The downside was that as port machinery became more common, the size of the union eroded precipitously over the years.
The coal industry went through a similar reckoning as conveyor belts and other machines displaced laborers. Union leader John Lewis negotiated for job security and pay increases for existing workers, but the encroachment of machines led to fewer hires, and over time the workforce and union ranks shrunk.
“Amongst coal miners today, he isn’t necessarily a big hero, but he knew what he was doing. And I think he also recognized that fighting automation rarely makes a whole lot of economic sense, particularly if you’re talking about a market that’s at all competitive,” Litwin said.
Some dockyards outside the U.S are far more automated and efficient, especially ports in Dubai, Singapore and Rotterdam, Sheffi said. Mexico is building a highly automated port that could compete with U.S. ports.
“They’re going to start running trains from the port to the heartland of the United States. And who is going to lose?” Sheffi asked. “There’ll be less work for these people.”
How to protect workers
There are ways unions and employers can protect workers. Some unions have negotiated that employees must receive guaranteed employment protection if companies bring in technologies that could make their jobs obsolete. Others have bargained for employers to provide tuition reimbursement or retraining programs so workers can shift into other roles when machines come in.
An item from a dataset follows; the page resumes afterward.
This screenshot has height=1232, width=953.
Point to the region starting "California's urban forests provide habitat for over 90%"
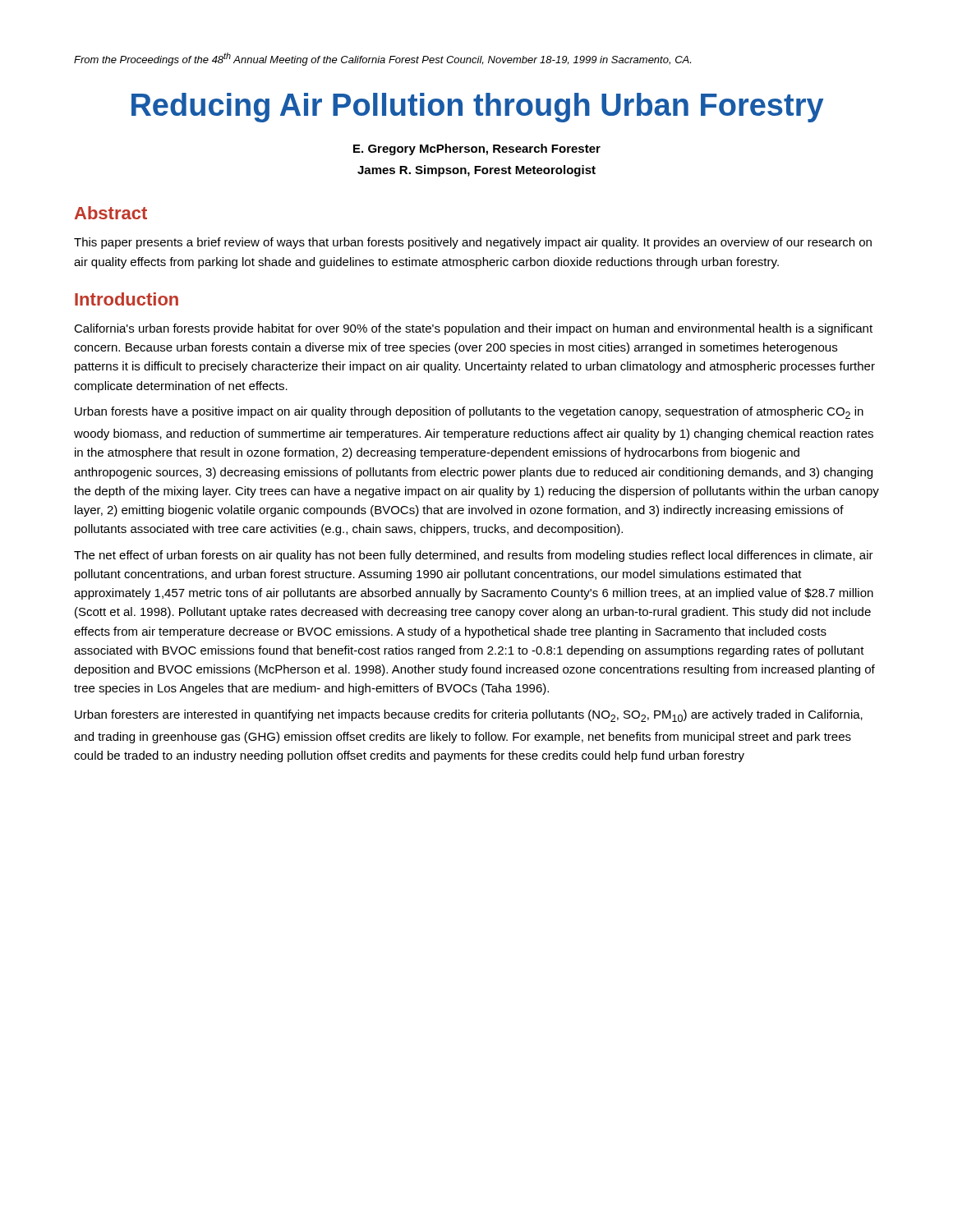click(474, 357)

“The trick is to make it over time, not to do it haphazardly,” Sheffi said.
In its current contract, the ILA has a provision that requires the union’s agreement if the ports add any automation, essentially giving the ILA veto power. But ILA President Harold Daggett has said the union wants a stronger ban.
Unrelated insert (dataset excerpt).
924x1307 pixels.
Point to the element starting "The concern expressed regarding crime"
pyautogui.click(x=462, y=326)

When health care giant Kaiser Permanente switched from paper to digital medical records a decade ago, dozens of unions bargained together to ensure workers wouldn’t lose jobs or face wage reductions as a result of the technology deployment. Drivers who moved boxes of medical records to warehouses and librarians who retrieved paper files who were trained and reassigned to roles such as medical librarians or coders, Litwin said.
“They ultimately all got pay increases because they ended up being in jobs that ended up being more highly skilled,” Litwin said.
AI is starting to disrupt white collar jobs
Workers such as cashiers or file clerks who perform routine tasks and have lower levels of education face the greatest risks of their jobs being automated, according to Dawn Locke, a director at the U.S. Government Accountability Office. But the growth of artificial intelligence is increasingly threatening high-skilled jobs as well.
In the months after the launch of ChatGPT, a generative AI tool that can compose essays, write computer code and engage in conversations, job postings for writers, coders and artists plummeted.
“Now we see law firms putting AI to use and cutting the number of junior associates,” Sheffi said. “But it’s a problem. How do you become a senior associate arguing before the Supreme Court if you don’t start as a junior associate?”
When companies embrace artificial intelligence, it doesn’t always result in workers losing jobs. In some cases the productivity gains enabled by automation or AI make workplaces more profitable, enabling them to hire even more workers.
But unions aren’t taking any chances. In September, video game performers reached an agreement after striking with 80 games that provided protections around exploitative uses of artificial intelligence.
Last year, Hollywood screenwriters concerned that scripts would soon be written by artificial intelligence won protections against the use of AI after a five-month strike.
“More and more people who thought they were immune from automation are probably looking to groups like the longshoremen and thinking, ‘Wait a second, actually, I may not be that far removed from this,’” Litwin said.